Institute of Electrical Engineering, Chinese Academy of Sciences, Beijing, 100190, China.
Appl Microbiol Biotechnol. 2011 Apr;90(1):269-75. doi: 10.1007/s00253-010-3017-1. Epub 2010 Dec 7.
Magnetotactic bacteria (MTB) can rapidly relocate to optimal habitats by magneto-aerotaxis. Little is known about MTB phototaxis, a response that might also aid navigation. In this study, we analyzed the relationship between phototaxis and magnetotaxis in Magnetospirillum magneticum strain AMB-1. Magnotactic AMB-1 cells migrated toward light, and migration increased with higher light intensity. This response was independent of wavelength, as AMB-1 cells migrated equally toward light from 400 to 750 nm. When AMB-1 cells were exposed to zero magnetic fields or to 0.2 mT magnetic fields that were opposite or orthogonal to the light beam, cells still migrated toward the light, indicating that phototaxis was independent of magnetotaxis. The R(mag) value and coercive force (H(c)) of AMB-1 increased when the bacteria were illuminated for 20 h, consistent with an increase in magnetosome synthesis or in magnetosome-containing cells. These results demonstrated that the M. magneticum AMB-1 responded to light as well as other environmental factors. To our knowledge, this is the first report of phototactic behavior in the bacteria of Magnetospirillum.

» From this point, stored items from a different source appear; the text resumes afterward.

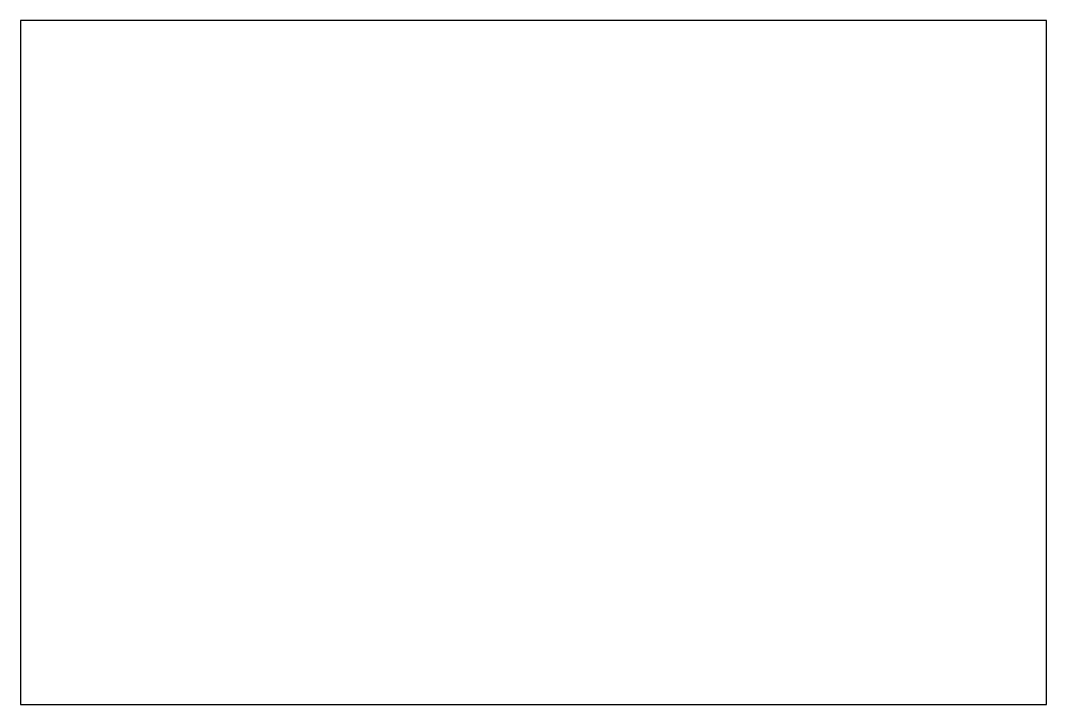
# Model space of a CAD drawing. Header units: millimetres. Extents: x -1.5 to 1.5, y -1 to 1.
import ezdxf

# ---------------------------------------------------------------- set-up
doc = ezdxf.new("R2010")
doc.units = ezdxf.units.MM

msp = doc.modelspace()

# ---------------------------------------------------------------- linework, layer by layer
for p, q in [((1.5, 1), (-1.5, 1)), ((-1.5, 1), (-1.5, -1)), ((1.5, -1), (1.5, 1)), ((-1.5, -1), (1.5, -1))]:
    msp.add_line(p, q)

doc.saveas('drawing.dxf')

趋磁细菌 (MTB) 可以通过磁趋化性和趋化性迅速迁移到最佳栖息地。关于 MTB 的趋光性知之甚少,这种反应也可能有助于导航。在这项研究中,我们分析了趋磁螺旋菌菌株 AMB-1 中趋光性和趋磁性之间的关系。趋磁 AMB-1 细胞向光迁移,迁移随着光强度的增加而增加。这种反应与波长无关,因为 AMB-1 细胞对 400 到 750nm 的光的迁移率相同。当 AMB-1 细胞暴露于零磁场或与光束相反或正交的 0.2mT 磁场中时,细胞仍然向光迁移,表明趋光性独立于趋磁性。当细菌被照射 20 小时时,AMB-1 的 R(mag) 值和矫顽力 (H(c)) 增加,这与磁小体合成或含有磁小体的细胞增加一致。这些结果表明,M. magneticum AMB-1 对光以及其他环境因素有反应。据我们所知,这是首次报道趋磁螺旋菌的趋光行为。